Today is the autumnal equinox. The time when the night’s darkness and the light of day are equal. Not equal in illumination but equal in duration.

It is time of Balance between night and day, between light and dark.

Here in the northern hemisphere it is the time of balance between the summer and the winter to come.

In the southern hemisphere, it is spring Equinox, where the light is also equal, yet the seasons are moving from the dark of winter towards their summer light.

The patterns of our life are shaped by these celestial realities.
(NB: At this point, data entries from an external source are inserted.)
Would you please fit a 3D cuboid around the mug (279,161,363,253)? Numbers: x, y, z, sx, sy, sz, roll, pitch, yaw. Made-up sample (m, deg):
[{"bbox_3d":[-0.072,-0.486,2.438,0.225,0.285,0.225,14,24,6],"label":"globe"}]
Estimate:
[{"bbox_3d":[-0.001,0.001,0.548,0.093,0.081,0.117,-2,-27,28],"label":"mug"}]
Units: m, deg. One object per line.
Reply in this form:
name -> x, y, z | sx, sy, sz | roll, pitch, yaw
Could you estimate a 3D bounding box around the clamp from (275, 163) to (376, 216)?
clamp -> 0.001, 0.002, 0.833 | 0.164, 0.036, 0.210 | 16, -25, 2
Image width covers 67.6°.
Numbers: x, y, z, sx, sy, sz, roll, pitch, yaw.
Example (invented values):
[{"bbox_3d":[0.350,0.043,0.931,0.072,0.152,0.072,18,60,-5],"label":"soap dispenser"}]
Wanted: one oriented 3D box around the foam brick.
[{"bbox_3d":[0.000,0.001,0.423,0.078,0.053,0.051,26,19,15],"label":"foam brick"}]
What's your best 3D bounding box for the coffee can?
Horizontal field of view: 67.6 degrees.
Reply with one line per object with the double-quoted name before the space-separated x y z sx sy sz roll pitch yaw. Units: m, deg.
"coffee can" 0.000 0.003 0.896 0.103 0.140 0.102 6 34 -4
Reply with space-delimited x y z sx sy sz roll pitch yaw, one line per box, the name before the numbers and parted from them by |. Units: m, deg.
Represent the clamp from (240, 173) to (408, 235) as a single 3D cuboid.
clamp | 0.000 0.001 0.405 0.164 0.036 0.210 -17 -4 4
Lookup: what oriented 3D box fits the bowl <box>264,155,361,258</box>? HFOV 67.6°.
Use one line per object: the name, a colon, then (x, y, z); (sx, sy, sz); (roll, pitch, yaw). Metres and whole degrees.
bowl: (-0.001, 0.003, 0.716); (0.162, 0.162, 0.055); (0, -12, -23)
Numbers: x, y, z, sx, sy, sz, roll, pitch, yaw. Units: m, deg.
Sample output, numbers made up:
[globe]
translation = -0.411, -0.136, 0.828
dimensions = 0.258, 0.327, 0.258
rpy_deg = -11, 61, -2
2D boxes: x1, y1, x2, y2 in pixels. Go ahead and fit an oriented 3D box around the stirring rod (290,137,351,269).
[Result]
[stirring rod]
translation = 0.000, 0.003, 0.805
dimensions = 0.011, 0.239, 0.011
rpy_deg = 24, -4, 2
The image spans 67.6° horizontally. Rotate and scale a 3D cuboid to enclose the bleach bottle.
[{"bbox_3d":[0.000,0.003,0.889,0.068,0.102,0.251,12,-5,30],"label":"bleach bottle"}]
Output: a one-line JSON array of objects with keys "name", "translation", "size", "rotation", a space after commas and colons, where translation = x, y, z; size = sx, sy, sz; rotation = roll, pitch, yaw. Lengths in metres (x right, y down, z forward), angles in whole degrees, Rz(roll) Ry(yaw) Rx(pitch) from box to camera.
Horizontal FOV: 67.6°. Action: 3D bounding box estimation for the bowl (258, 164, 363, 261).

We humans have long sought to push back the darkness, first with the flames of a wood fire and the small flickering light of a candle and the reflected light of a lantern.

With electricity, came the incandescent glow of electrified neon gas or a glowing filament in a vacuum bulb, the latter perhaps enhanced by a halogen gas within the bulb to make the light brighter still. More recently, we have added Light Emitting Diodes LEDs to the tools we use to try to keep the dark at bay.

Oh, how we seek to push back the darkness. Those who lived their lives closer to the cycles of the natural world and all of us at our core know that our lives are shaped by the changing light that, in turn, shapes the changing seasons. That light also changes and shapes us.

The sunlight filled days of summer are times of great activity, while the growing darkness beckons toward introspection and contemplation.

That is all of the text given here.